# Oriental Pasta Salad



## kitchenelf (Mar 14, 2002)

This is a great pasta salad and everyone has to make it for "homework"  

1# pasta twists (rotini)
1 small bunch broccoli flowerettes
1-2 carrots, sliced
1/2 to 1 box sliced mushrooms
1/2 to 1 cup sliced scallions

SAUCE:
2 TBS rice wine vinegar
6 TBS peanut oil
2 tsp. ginger (or fresh grated - 1 tsp)
1 tsp. oyster sauce
2 TBS soy sauce
1 clove garlic, crushed
Chinese hot oil - to taste
salt to taste (taste first!!!!)
Szechuan pepper to taste (ground)

Combine all the ingredients for the sauce and set aside.

Cook pasta.  Steam broccoli, carrots, and mushrooms - mostly to bring out the color of the broccoli and carrots but to somewhat cook also.

Put sliced scallions in bottom of bowl and place cooked veggies on top.  Toss in cooked, drained noodles then add sauce and toss well.

This is good served warm or cold.  You could add cubes of grilled teriyaki chicken to make this a "whole" meal.  

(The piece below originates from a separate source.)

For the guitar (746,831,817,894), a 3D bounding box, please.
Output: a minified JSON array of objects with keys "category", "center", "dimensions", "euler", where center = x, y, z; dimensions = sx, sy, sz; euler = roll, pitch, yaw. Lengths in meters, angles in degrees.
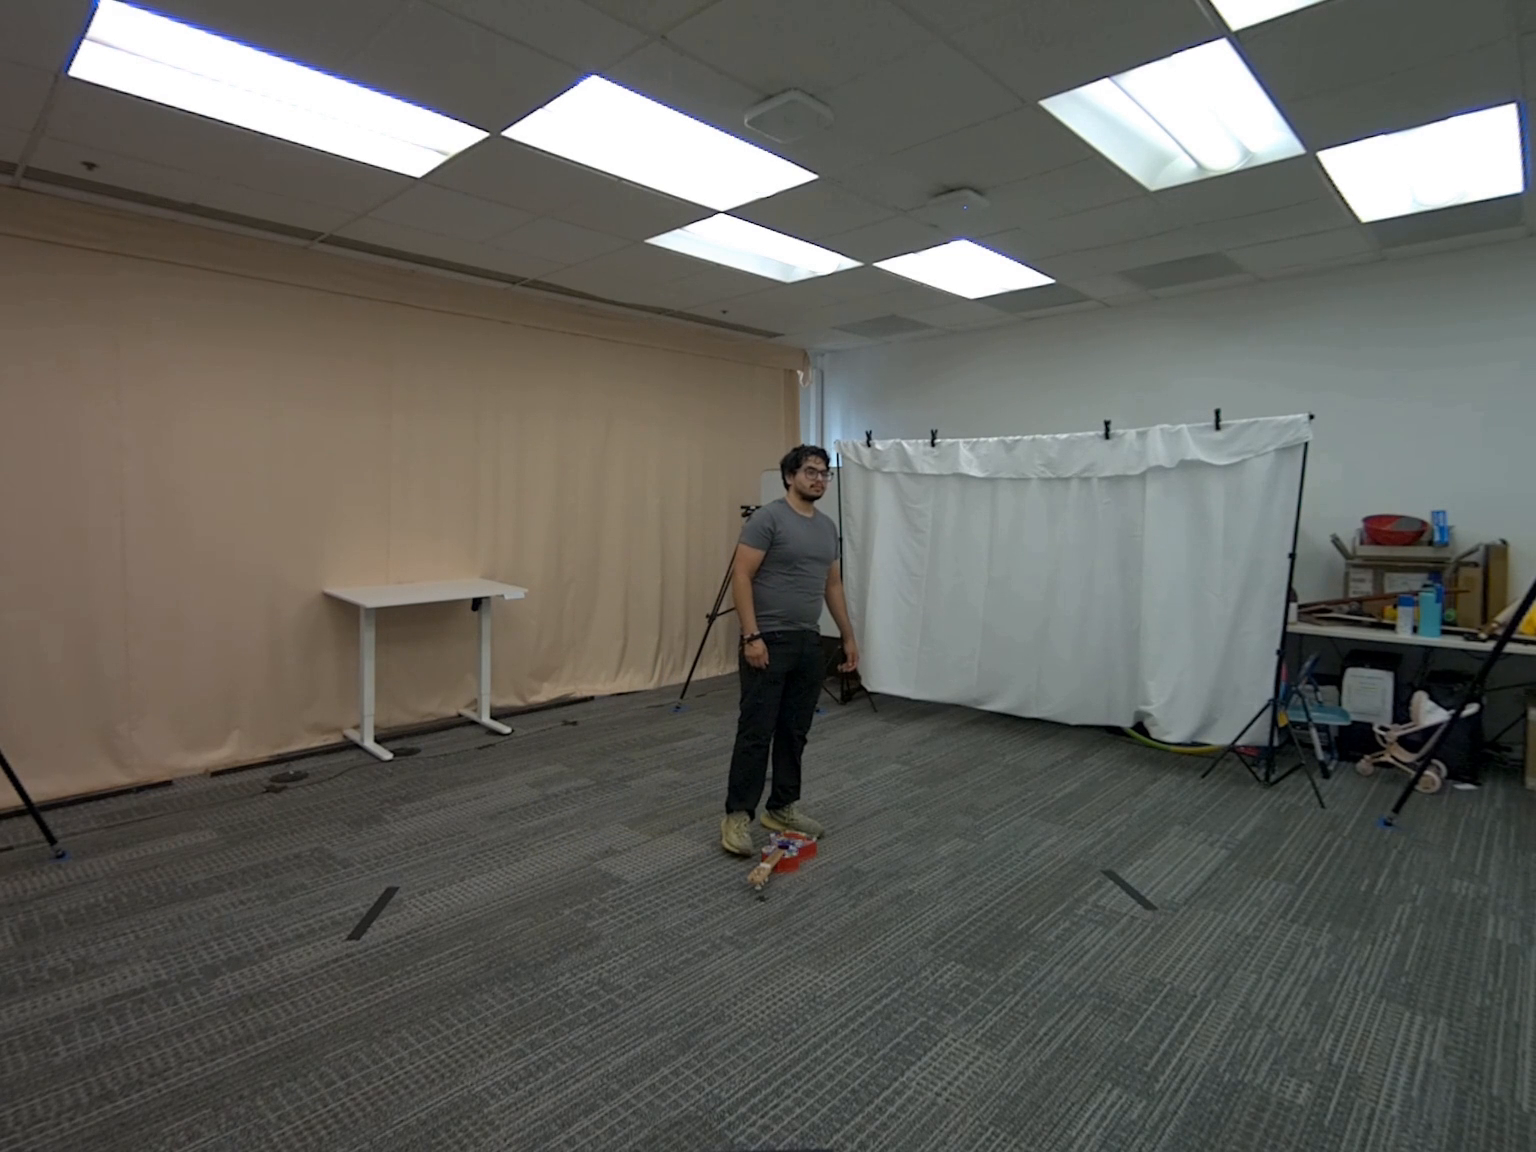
[{"category":"guitar","center":[0.010,1.084,3.235],"dimensions":[0.199,0.070,0.484],"euler":[3,6,31]}]

I usually double the sauce  .  

You'll all get graded on this tomorrow so you better do your homework!!!!!


----------



## cookies140 (Mar 16, 2002)

This will have to be my daughter's homework as I live alone and couldn't eat that much but she adores this kind of food.  Recipe looks yummy.


----------



## SierraCook (Jul 22, 2005)

Wow, kitchenelf that sauce looks awesome.  I agree about doubling the sauce.  I usually always double the sauce or dressing.  Then it can be used on other things.


----------



## secretgarden (Jul 24, 2005)

*Oriental Pasta*

I have made a similar recipe and used the stir fry vegatables instead. Found that to be easier and my sauce isn't really what I like. I'm going to try yours.


----------



## jkath (Jul 24, 2005)

elf this looks great!
Question - is there anything you'd recommend as a substitution for oyster sauce?


----------



## kitchenelf (Jul 24, 2005)

No, unless you just leave it out - but it is an integral part of the whole sauce - is it that you don't like it?  Or just don't have it.  It does not taste like oysters - and with many of these Asian strong-flavored sauces it's best not to take a taste - just use it in the recipe.


----------